We were flown cross-country for training, gave feedback, and felt like we made a difference. Multiple contacts responded immediately and enthusiastically.

The atmosphere was genuine.

Making money was secondary, though. Incredible service was a priority.

Jon and Tim answered new hires' questions during Zoom calls during onboarding. CEOs seldom meet new hires this way, but they seemed to enjoy it.

All appeared well.

But in late 2021, things started changing.

Adore's leadership changed after its IPO. From basic values to sales maximization. We lost communication and were forced to fend for ourselves.

Removed the training wheels.

It got tougher to gain instructions from those above me, and new employees told me their roles weren't as advertised.

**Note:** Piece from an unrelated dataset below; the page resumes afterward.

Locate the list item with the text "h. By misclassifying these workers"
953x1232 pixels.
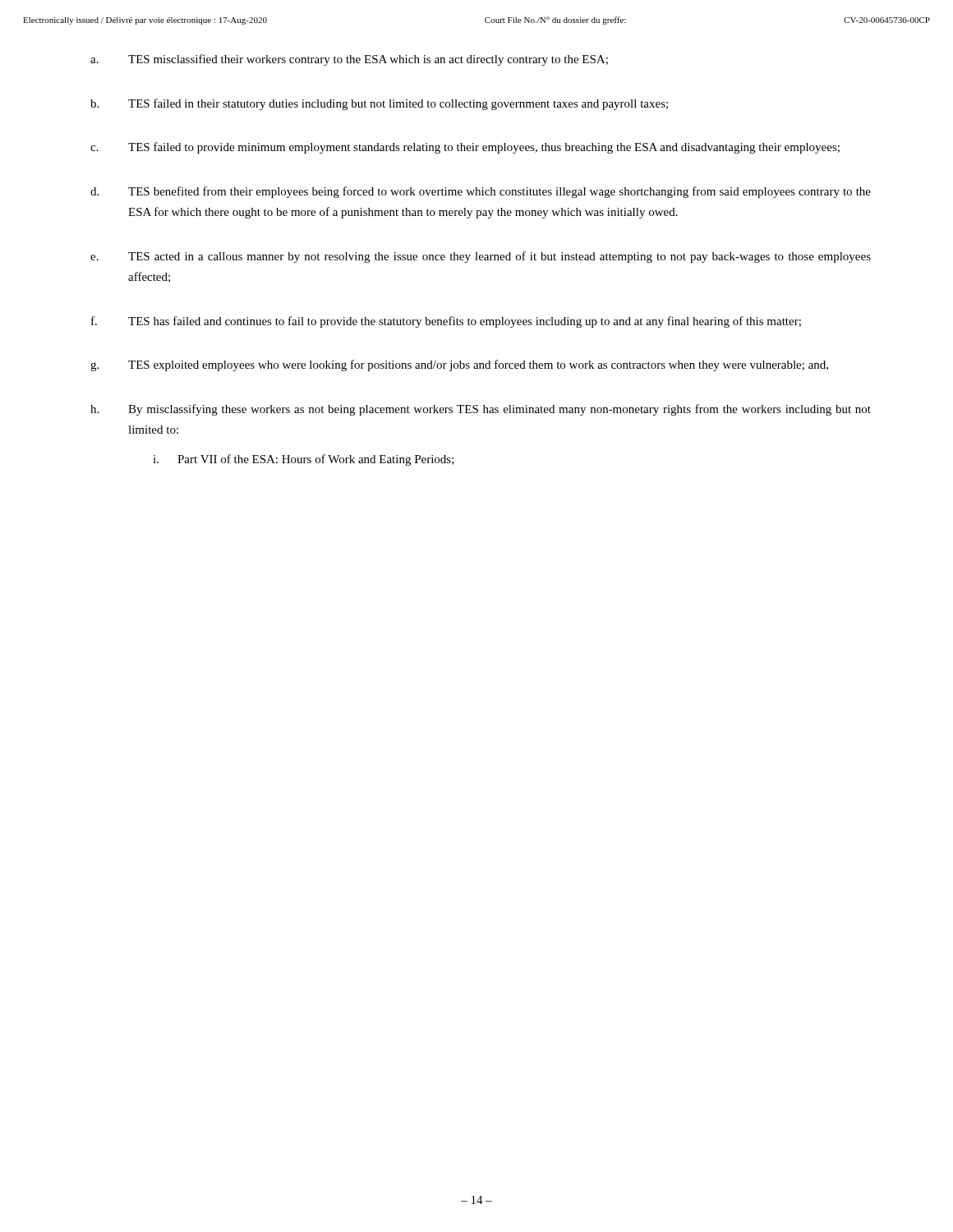coord(481,410)

External money-focused managers were hired.

Instead of creative types, we hired salespeople.

With a new focus on numbers, Adore's uniqueness began to crumble.

Via Zoom, hundreds of workers were let go.

So.

Early in 2022, mass Zoom firings were trending. A CEO firing 900 workers over Zoom went viral.

Adore was special to me, but it became a headline.

30 June 2022, Vice Motherboard published Watch as Adore's CEO Fires Hundreds.

It described a leaked video of Jon Swanson laying off all staff in Canada and the UK.

They called it a “notice of redundancy”.

The corporation couldn't pay its employees.

I loved Adore's underlying ideals, among other things. We called clients Adorers and sold solutions, not add-ons.

But, like anything, a company is only as strong as its weakest link. And obviously, the people-first focus wasn’t making enough money.

There were signs. The expansion was presumably a race against time and money.

Adore finally declared bankruptcy.

Adore declared bankruptcy 3 months after going public. It happened in waves, like any large-scale fall.

  • Initial key players to leave were

  • Then, communication deteriorated.

  • Lastly, the corporate culture disintegrated.

6 months after leaving Adore, I received a letter in the mail from a Law firm — it was about my stocks.

Adore filed Chapter 11. I had to sue to collect my worthless investments.

I hoped those stocks will be valuable someday. Nope. Nope.

Sad, I sighed.

$1.2 billion firm gone.

I left the workplace 3 months before starting a writing business. Despite being mediocre, I'm doing fine.

I got up as Adore fell.

Finally, can we scale kindness?

I trust my gut. Changes at Adore made me leave before it sank.

Adores' unceremonious slide from a top startup to bankruptcy is astonishing to me.

The company did everything perfectly, in my opinion.

  • first to market,

  • provided excellent service

  • paid their staff handsomely.

  • was responsible and attentive to criticism

The company wasn't led by an egotistical eccentric. The crew had centuries of cumulative space experience.

I'm optimistic about the future of work culture, but is compassion scalable?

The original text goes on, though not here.